Crier plus fort que la vie
Le lecteur français avait pu redécouvrir l’an dernier, grâce aux éditions Le Bruit du temps, le récit kafkaïen de l’arrestation et des années de Goulag de Julius Margolin, Voyage au pays des Ze-ka, livre étouffé lors de sa première publication en 1947, tant il contrariait l’air du temps.
L’éditeur et la traductrice poursuivent leur travail. Luba Jurgenson a exhumé des textes inédits, Huit chapitres sur l’enfance et un volet Le Chemin vers l’Occident qui constituent Le Livre du retour.

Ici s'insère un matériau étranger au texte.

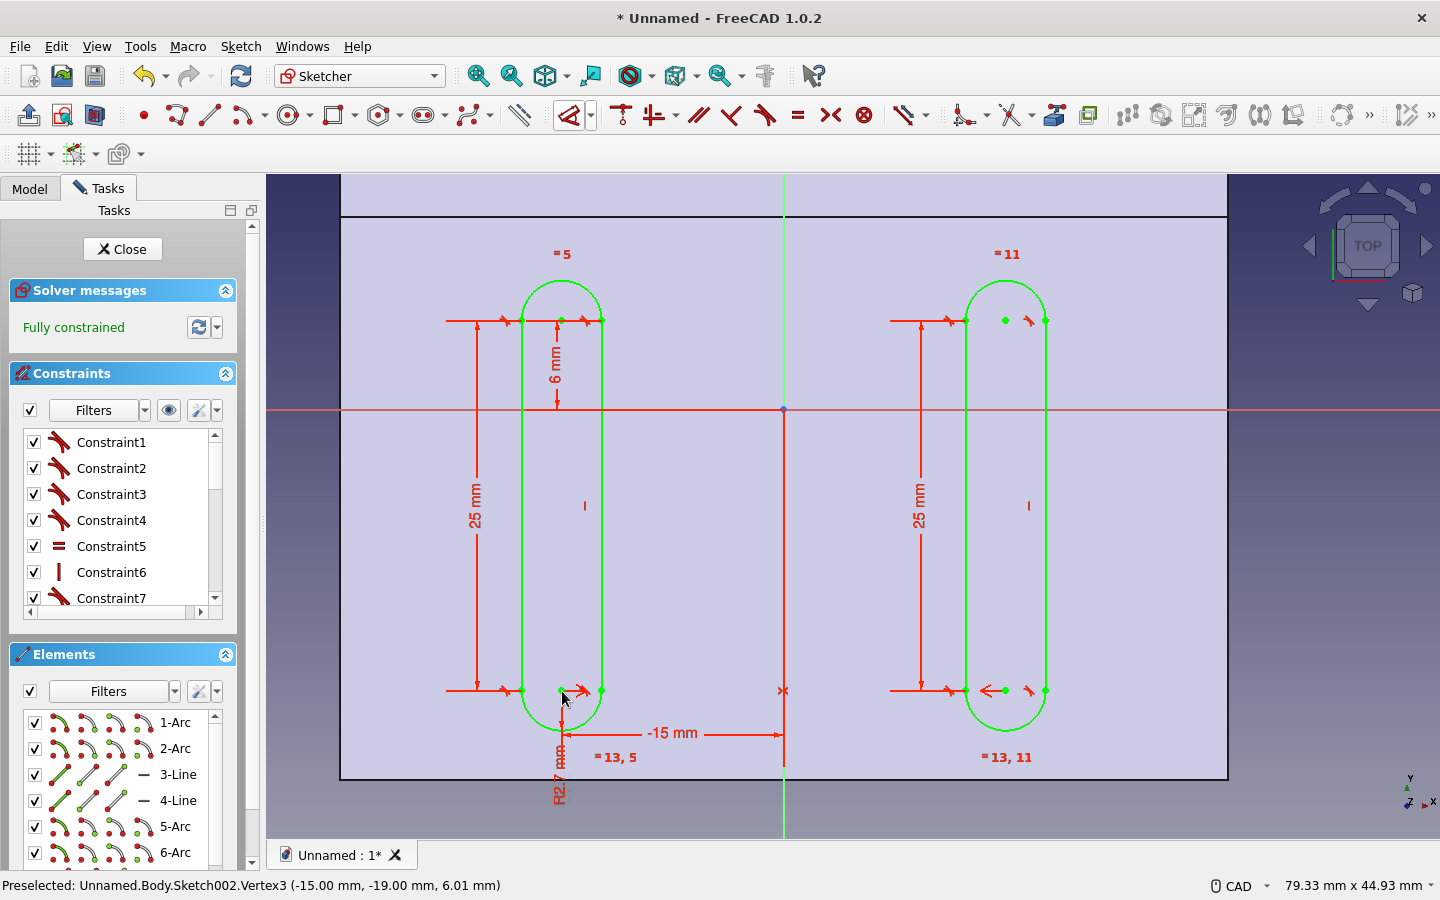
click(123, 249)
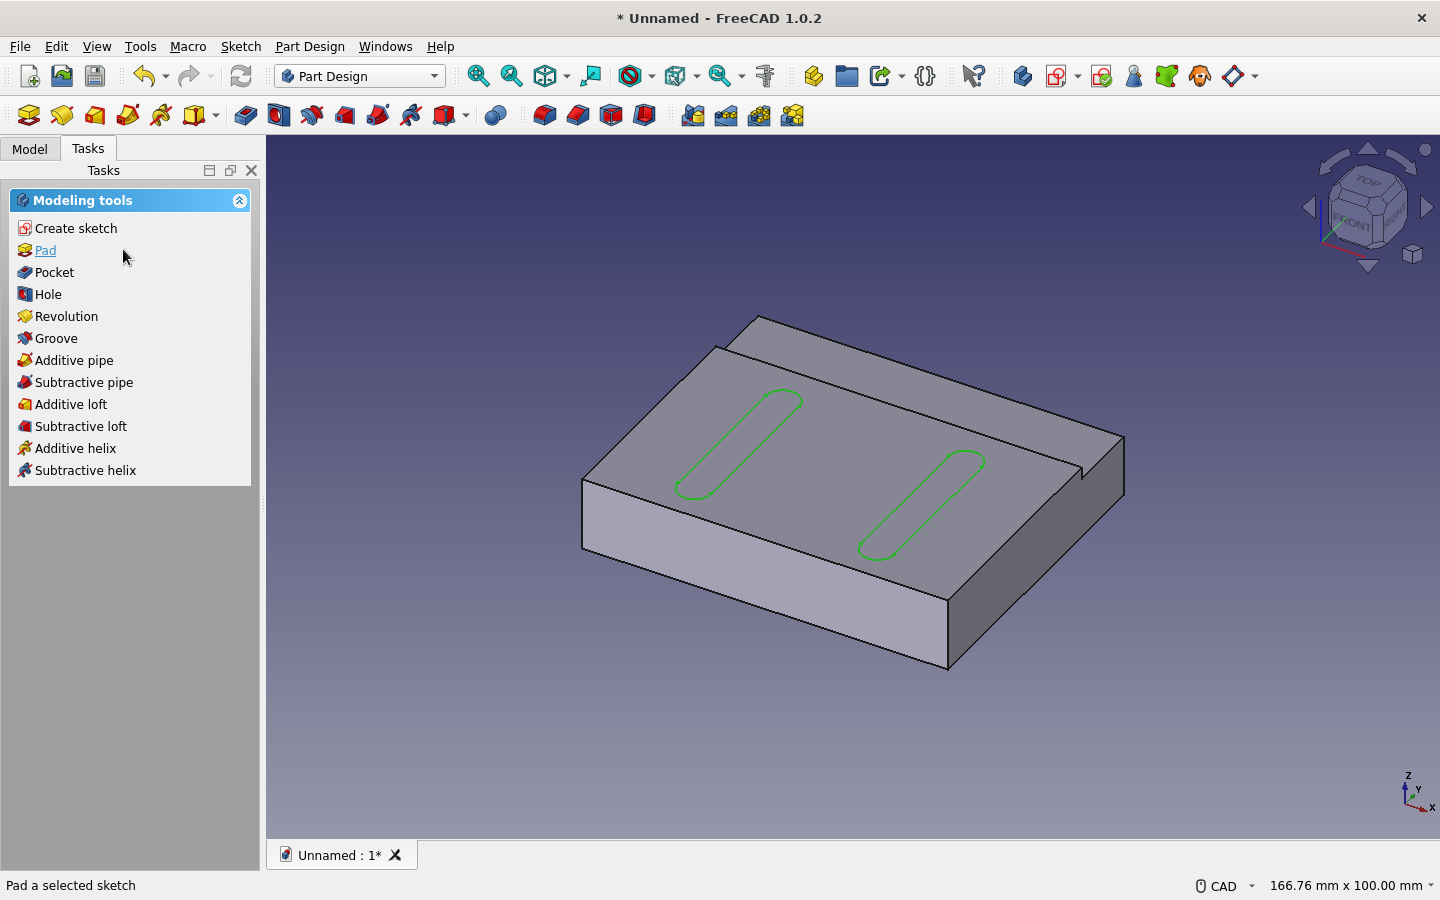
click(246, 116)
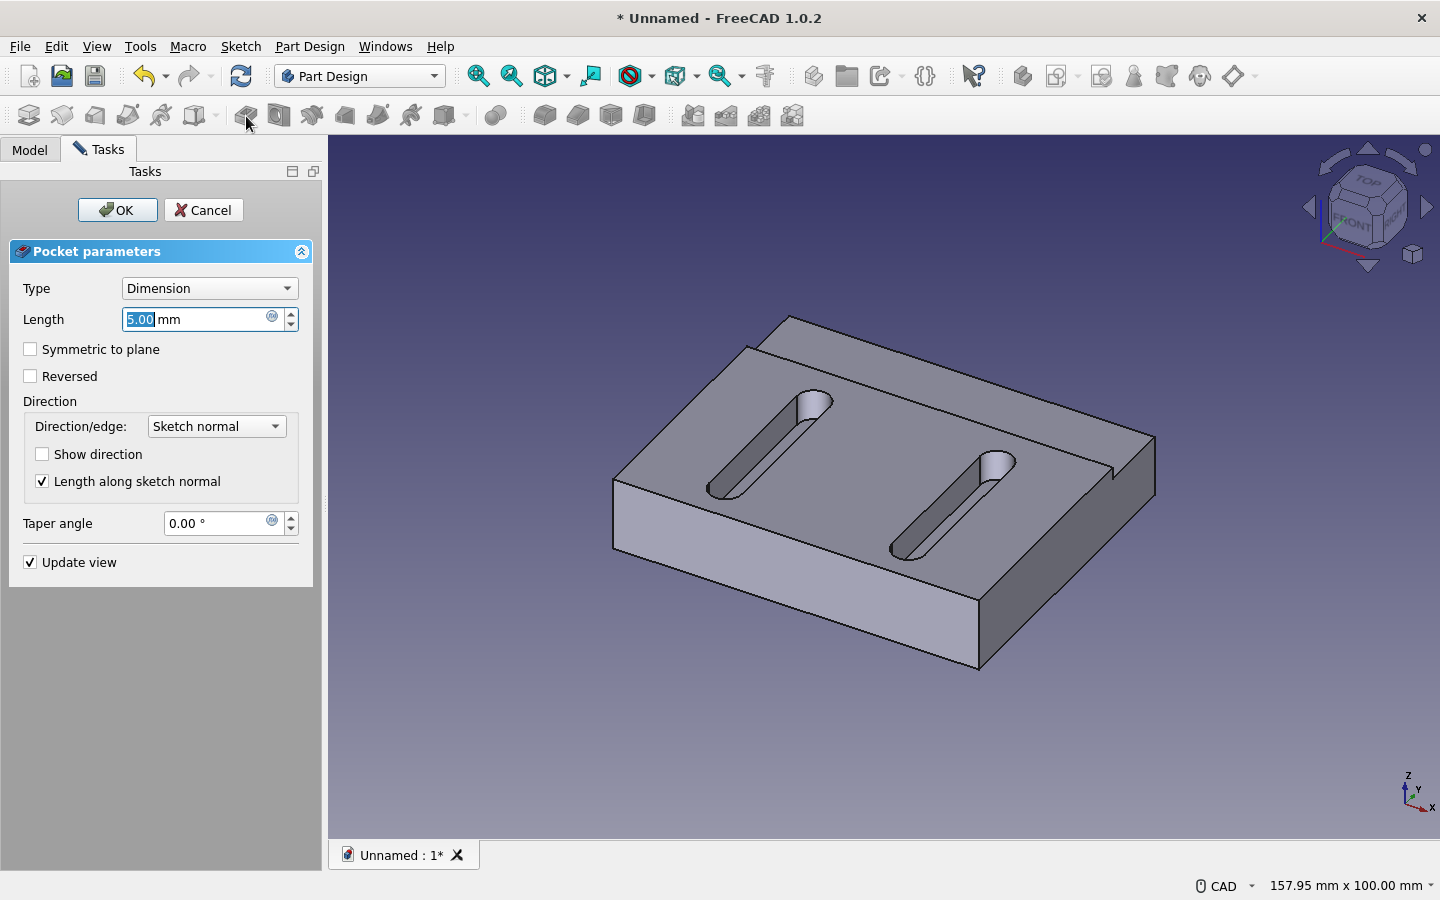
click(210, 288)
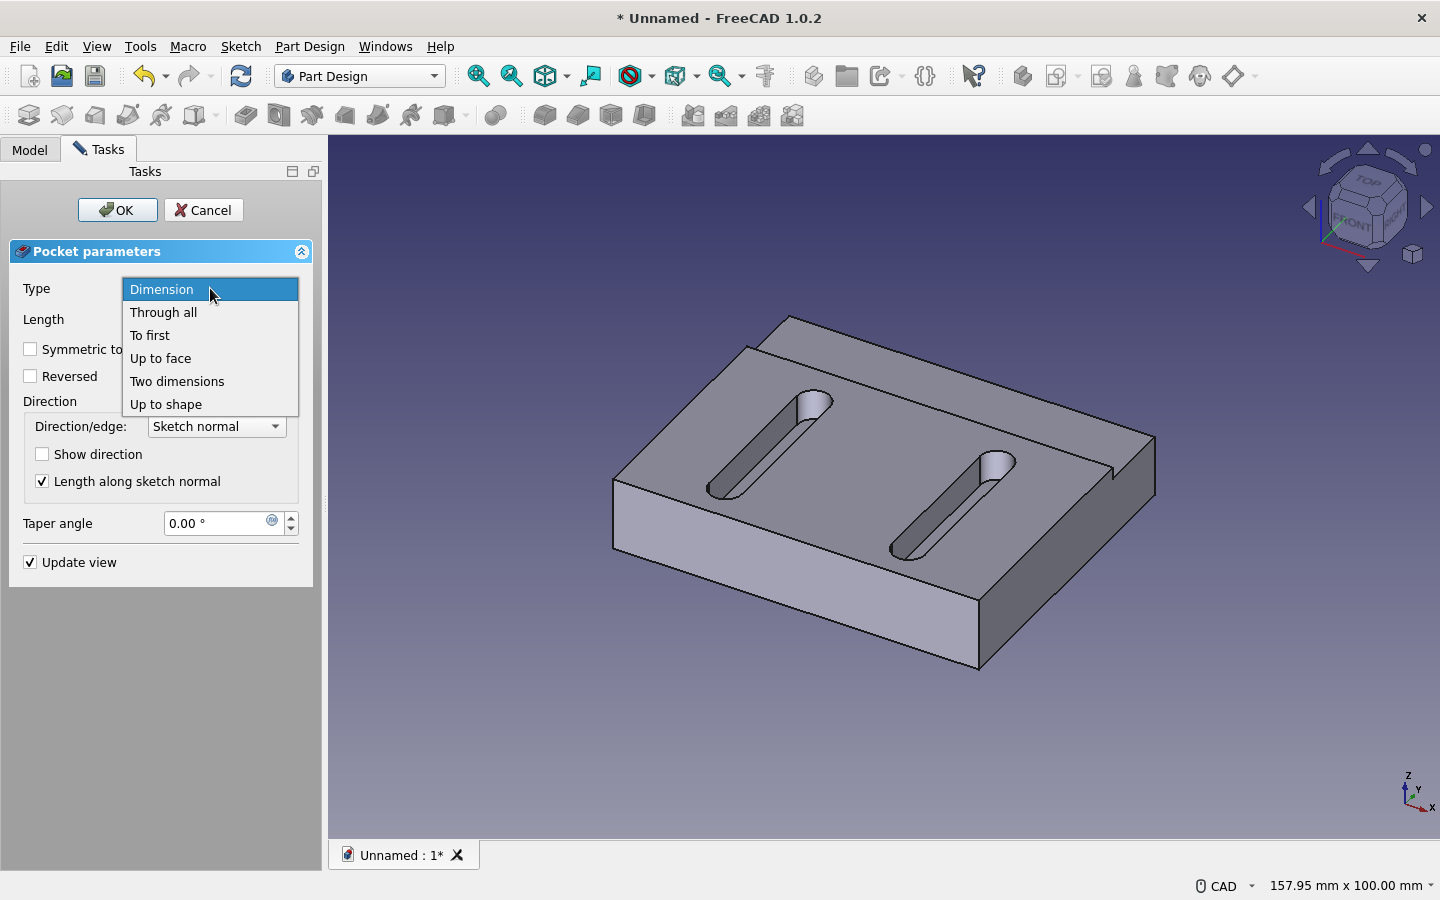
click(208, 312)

Nous retrouvons Julius Margolin là où nous l’avions laissé, à sa libération en 1945. En haillons, affamé, il arrive en relégation à Slavgorod dans l'Altaï. Au printemps 1946, la nouvelle tombe, invraisemblable : les Polonais déportés du Goulag sont rapatriés vers Lodz et Varsovie. À Lodz le rescapé du Goulag prend la mesure de l’ampleur de la Shoa. Puis vient le vrai départ, celui qui l’amène à franchir la frontière entre deux mondes, entre Varsovie et Paris.
C’est de Marseille qu’il regagne ensuite la Palestine. L’Héliopolis affrété par les organisations juives prend la mer. « C’est seulement à présent que l’Occident commençait pour moi véritablement… Mon Occident à moi prenait forme par opposition à la Sibérie, à l’Oméga, l’étoile à cinq branches qui brillait au-dessus du royaume des camps. L’Héliopolis allait vers l’Occident, l’Occident du cœur, l’Occident de la pensée… » Un Occident qui ne correspond pas à une réalité géographique, mais politique, qu’il oppose à un Orient où l’on inculque le « respect du fouet, où on vénère l’autorité… où la Peur marche sur la pointe des pieds ».
À bord du navire Margolin prend la plume : « J’écris comme écrirait un homme qui n’a qu’une journée à vivre, il doit dire le plus urgent, le plus important. » Il s’empresse de faire lire son premier récit à l’un de ses compatriotes, expliquant son sentiment « d’être en dette à l’égard de quelqu’un… d’être obligé de faire quelque chose… pour ne pas être un salaud à [ses] propres yeux ». Son interlocuteur, jugeant qu’il est plus sain de tirer un trait sur le passé, prédit qu’avec le temps les souvenirs s’estomperont et qu’il renoncera peut être à « crier plus fort que la vie ». On l’a compris, Julius Margolin ne renoncera jamais, mais devra porter seul sa croix.
Il l’a appris, la vie ne fait que confirmer le traumatisme d’enfance lorsque sa nounou le regarde se noyer sans réagir à ses appels… vous êtes sur le point de périr, et vos amis contemplent votre malheur, indifférents, le visage impassible. Telle est donc l’existence et nous avons appris sa leçon. Malgré cette leçon amère, ce qui frappe chez cet homme qui sort de l’enfer, c’est un vrai goût, une gourmandise même, pour la vie, le goût retrouvé des pommes, la chair d’une femme, l’animation des cafés de Marseille, la découverte d’un livre… l’absence ce haine et aussi, une volonté farouche de comprendre, d’analyser et de témoigner de ce qui se joue dans sa vie d’homme.